◆ DATA TO PROCESS:
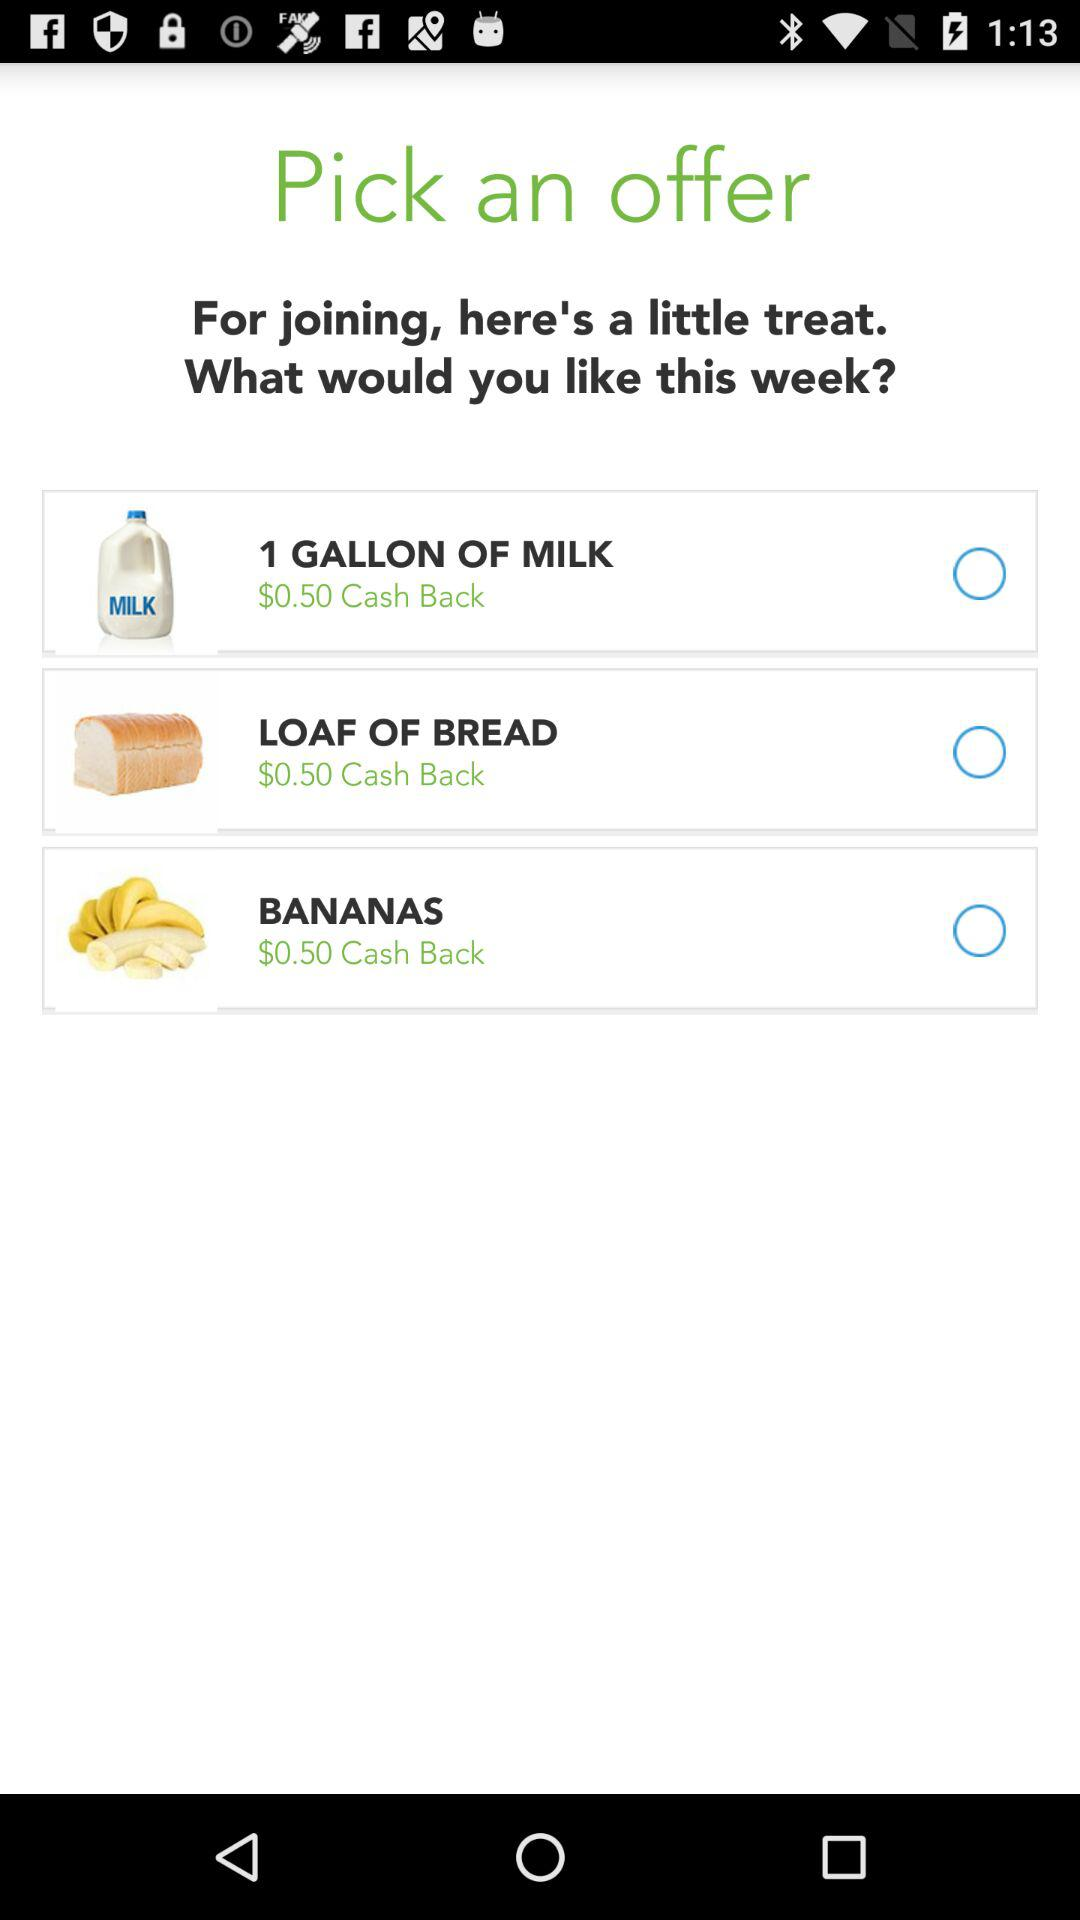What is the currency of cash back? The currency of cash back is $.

---

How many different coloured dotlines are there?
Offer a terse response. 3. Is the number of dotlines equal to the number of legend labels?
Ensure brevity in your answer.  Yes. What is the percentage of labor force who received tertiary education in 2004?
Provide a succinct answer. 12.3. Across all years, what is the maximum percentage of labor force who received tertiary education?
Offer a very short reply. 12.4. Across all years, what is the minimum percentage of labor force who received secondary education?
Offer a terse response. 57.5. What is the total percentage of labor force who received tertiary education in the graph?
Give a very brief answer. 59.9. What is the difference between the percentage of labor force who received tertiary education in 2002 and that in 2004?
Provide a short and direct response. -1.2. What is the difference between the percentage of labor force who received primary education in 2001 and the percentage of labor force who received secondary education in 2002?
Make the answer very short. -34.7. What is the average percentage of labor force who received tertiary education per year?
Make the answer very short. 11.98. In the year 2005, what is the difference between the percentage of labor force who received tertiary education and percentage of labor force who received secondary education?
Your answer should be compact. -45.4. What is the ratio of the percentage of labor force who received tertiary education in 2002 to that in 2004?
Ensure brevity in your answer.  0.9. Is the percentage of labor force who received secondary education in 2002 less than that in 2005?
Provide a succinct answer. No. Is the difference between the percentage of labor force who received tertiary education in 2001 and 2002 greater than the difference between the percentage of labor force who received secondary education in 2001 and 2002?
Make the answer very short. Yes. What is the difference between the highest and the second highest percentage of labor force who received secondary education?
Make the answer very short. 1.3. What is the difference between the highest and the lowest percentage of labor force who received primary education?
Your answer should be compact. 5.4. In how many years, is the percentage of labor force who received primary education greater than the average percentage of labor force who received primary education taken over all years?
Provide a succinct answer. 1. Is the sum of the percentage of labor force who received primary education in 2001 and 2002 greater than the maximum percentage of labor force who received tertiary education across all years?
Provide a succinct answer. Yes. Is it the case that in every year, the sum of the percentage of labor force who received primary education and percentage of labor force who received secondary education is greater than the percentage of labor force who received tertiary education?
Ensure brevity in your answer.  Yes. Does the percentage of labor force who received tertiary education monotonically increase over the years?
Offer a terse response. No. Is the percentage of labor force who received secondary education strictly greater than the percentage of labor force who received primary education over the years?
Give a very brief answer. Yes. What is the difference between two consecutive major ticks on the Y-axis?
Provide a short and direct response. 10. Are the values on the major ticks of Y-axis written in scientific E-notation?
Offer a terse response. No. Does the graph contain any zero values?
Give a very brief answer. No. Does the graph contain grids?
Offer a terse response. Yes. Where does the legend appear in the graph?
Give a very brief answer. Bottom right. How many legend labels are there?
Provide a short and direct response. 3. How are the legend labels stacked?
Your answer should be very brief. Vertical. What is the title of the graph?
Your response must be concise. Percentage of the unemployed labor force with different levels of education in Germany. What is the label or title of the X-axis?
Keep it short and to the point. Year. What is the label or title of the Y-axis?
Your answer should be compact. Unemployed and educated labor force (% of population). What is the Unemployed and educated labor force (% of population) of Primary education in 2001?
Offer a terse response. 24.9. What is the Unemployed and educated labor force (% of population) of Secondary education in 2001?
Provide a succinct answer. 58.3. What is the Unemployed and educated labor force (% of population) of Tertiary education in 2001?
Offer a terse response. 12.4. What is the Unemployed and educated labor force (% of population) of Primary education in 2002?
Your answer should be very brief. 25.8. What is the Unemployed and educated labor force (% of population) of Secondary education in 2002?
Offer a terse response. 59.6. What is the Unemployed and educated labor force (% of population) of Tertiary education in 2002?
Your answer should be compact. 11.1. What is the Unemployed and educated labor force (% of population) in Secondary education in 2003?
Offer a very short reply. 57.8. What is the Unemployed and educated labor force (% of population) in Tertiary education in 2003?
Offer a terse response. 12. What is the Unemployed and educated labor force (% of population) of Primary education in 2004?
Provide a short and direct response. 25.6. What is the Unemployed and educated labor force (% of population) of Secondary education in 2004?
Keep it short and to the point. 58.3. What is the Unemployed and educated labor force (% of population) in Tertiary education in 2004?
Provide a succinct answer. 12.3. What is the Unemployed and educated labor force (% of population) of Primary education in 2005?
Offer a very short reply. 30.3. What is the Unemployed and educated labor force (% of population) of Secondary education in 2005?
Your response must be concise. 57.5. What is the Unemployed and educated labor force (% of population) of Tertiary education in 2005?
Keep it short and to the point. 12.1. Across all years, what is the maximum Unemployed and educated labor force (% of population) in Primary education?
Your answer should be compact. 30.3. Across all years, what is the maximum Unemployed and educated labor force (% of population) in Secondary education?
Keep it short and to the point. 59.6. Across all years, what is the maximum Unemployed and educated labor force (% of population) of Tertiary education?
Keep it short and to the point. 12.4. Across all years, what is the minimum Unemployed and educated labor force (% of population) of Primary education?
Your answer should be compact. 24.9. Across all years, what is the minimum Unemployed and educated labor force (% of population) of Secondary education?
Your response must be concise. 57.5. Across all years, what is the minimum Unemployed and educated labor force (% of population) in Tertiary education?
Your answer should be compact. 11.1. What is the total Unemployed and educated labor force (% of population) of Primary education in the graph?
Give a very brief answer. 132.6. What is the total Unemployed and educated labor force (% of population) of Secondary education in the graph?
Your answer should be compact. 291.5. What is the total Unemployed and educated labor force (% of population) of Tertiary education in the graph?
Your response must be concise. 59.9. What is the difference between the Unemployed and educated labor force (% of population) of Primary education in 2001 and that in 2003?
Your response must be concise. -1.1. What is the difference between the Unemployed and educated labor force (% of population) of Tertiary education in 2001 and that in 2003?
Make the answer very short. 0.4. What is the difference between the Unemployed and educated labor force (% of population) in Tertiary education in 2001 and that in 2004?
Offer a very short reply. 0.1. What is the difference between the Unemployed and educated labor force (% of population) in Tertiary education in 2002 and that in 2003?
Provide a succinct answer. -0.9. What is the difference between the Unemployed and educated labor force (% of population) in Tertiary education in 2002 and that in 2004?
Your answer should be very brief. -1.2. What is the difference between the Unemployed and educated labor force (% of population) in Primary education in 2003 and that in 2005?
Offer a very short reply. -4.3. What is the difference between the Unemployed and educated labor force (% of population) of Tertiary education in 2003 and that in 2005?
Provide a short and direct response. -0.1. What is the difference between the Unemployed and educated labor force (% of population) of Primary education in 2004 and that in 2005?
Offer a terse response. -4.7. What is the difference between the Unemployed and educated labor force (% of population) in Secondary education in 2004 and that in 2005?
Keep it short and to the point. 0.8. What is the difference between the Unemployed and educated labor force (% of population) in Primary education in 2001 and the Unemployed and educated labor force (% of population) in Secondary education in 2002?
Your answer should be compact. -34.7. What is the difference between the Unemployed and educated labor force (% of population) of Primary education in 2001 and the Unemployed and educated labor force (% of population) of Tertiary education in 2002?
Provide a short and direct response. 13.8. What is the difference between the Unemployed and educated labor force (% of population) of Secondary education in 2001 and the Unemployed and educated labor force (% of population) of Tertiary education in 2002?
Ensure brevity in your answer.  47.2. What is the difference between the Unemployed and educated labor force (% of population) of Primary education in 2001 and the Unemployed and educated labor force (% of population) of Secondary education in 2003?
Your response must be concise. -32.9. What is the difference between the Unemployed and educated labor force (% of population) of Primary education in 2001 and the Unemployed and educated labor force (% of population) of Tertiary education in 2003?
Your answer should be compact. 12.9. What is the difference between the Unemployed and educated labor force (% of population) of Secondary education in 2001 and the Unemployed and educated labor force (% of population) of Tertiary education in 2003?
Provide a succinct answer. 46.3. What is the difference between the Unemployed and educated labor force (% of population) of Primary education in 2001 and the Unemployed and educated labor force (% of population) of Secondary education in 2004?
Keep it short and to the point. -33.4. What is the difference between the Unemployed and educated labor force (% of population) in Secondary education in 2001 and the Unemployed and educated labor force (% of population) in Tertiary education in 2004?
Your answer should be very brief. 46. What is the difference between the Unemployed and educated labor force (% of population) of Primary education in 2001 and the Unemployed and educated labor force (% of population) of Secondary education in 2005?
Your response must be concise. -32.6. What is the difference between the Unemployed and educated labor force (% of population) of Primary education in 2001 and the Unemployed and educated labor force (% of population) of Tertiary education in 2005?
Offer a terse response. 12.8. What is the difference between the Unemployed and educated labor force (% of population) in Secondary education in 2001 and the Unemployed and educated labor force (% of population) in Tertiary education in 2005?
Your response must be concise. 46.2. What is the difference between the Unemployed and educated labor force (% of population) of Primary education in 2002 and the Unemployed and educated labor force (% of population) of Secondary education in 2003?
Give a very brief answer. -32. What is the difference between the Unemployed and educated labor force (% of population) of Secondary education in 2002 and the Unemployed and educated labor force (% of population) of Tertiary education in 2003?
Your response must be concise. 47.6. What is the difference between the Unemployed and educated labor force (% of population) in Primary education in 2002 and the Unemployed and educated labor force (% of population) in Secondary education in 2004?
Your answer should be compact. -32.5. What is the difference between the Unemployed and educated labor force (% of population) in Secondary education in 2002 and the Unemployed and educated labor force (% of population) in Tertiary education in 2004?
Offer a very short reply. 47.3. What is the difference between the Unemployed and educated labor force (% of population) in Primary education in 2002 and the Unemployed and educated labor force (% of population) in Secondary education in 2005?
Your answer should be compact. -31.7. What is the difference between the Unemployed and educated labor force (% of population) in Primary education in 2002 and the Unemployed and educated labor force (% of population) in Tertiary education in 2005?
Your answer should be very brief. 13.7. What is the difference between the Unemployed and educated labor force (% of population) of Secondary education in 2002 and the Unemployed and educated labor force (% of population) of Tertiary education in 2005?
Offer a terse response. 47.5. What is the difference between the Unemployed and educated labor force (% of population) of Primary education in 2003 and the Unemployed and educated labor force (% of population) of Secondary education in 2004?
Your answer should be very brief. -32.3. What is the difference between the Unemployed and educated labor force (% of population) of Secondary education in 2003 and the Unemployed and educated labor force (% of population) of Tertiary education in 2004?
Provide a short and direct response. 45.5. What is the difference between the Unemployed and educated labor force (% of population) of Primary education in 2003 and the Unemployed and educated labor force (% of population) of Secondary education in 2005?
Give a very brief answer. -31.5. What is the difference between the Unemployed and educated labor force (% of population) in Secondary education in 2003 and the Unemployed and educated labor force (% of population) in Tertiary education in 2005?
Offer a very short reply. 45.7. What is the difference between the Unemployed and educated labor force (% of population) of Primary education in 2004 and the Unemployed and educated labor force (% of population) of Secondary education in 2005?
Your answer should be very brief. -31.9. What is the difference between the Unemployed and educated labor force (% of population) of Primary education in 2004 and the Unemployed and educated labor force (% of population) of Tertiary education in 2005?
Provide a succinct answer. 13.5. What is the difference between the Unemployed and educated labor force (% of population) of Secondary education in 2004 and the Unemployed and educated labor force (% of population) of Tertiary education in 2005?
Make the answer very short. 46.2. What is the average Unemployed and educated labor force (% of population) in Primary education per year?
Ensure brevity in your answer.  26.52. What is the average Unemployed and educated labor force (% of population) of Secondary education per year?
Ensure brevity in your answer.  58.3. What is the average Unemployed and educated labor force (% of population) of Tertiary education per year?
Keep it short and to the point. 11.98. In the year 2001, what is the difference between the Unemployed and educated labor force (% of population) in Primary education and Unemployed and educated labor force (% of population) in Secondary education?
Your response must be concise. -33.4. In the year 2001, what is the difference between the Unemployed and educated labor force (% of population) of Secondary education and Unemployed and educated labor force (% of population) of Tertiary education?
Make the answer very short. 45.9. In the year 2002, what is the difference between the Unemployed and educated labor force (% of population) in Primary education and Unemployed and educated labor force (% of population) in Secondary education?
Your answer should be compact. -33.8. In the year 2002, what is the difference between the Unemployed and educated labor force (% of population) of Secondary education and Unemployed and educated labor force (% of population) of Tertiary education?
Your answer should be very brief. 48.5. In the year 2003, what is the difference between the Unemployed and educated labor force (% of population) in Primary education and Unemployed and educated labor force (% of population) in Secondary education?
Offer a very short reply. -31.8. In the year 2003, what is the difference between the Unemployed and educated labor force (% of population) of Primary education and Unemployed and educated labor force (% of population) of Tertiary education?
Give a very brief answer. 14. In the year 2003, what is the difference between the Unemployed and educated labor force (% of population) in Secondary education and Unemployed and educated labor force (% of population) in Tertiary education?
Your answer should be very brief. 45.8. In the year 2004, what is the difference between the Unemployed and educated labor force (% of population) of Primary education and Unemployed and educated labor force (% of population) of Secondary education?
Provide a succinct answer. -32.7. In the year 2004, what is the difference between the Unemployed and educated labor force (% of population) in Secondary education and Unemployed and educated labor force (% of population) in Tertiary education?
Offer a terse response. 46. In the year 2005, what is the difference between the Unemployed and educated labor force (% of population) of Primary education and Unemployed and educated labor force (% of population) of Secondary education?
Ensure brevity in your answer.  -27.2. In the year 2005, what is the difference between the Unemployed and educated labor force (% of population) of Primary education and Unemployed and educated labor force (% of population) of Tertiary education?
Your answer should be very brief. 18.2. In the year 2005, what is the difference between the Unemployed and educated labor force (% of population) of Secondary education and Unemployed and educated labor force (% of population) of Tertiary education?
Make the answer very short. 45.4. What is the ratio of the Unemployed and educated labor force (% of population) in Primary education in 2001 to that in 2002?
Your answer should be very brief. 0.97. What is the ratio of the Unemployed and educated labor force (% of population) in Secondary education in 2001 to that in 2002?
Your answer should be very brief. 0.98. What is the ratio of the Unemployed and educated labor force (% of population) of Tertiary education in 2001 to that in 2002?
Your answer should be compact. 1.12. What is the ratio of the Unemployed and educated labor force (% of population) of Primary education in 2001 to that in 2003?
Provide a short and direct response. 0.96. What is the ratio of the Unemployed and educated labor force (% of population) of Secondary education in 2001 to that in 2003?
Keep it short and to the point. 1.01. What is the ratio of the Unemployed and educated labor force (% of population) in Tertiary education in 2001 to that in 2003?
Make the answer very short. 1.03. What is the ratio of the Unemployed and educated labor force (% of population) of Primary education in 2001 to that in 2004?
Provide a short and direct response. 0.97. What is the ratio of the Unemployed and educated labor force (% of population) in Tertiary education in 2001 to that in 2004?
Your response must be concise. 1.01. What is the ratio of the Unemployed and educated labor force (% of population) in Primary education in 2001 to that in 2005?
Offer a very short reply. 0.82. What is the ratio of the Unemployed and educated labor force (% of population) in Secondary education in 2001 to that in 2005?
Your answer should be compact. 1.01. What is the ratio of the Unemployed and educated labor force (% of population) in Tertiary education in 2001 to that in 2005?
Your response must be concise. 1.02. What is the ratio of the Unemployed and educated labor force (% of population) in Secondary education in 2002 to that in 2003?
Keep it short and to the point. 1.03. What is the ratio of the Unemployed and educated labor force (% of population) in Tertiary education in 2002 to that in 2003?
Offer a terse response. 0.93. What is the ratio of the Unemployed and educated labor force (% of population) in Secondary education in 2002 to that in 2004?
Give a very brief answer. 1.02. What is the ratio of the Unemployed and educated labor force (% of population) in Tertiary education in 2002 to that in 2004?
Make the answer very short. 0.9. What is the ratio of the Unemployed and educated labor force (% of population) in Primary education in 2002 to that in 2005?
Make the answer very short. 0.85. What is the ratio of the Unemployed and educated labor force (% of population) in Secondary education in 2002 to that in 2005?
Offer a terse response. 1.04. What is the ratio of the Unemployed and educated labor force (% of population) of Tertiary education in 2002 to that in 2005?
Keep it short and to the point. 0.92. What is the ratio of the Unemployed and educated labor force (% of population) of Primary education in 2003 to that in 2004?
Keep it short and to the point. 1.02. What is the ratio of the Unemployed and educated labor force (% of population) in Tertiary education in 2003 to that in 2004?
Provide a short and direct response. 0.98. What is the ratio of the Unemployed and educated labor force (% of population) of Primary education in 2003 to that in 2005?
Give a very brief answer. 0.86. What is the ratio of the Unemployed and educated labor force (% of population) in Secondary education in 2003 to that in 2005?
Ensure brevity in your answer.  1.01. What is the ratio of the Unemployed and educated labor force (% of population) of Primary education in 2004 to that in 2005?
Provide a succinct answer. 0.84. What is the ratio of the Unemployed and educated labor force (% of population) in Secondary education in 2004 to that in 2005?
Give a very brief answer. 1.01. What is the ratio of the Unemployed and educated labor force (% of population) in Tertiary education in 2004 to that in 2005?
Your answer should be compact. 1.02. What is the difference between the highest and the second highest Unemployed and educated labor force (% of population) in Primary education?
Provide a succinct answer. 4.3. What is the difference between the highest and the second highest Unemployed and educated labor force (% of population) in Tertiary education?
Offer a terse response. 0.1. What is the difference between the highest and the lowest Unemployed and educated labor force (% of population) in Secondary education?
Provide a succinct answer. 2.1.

◆ WHAT NEEDS TO BE DONE:
Starting at the line that contains "Offer a very short reply. 0.1." and stopping after the line that contains "Your answer should be very brief. -1.2.", write out every line exactly as it appears above, and no other line.

◆ RESULT BELOW:
Offer a very short reply. 0.1. What is the difference between the Unemployed and educated labor force (% of population) in Tertiary education in 2002 and that in 2003?
Provide a succinct answer. -0.9. What is the difference between the Unemployed and educated labor force (% of population) in Tertiary education in 2002 and that in 2004?
Your answer should be very brief. -1.2. What is the difference between the Unemployed and educated labor force (% of population) in Primary education in 2003 and that in 2005?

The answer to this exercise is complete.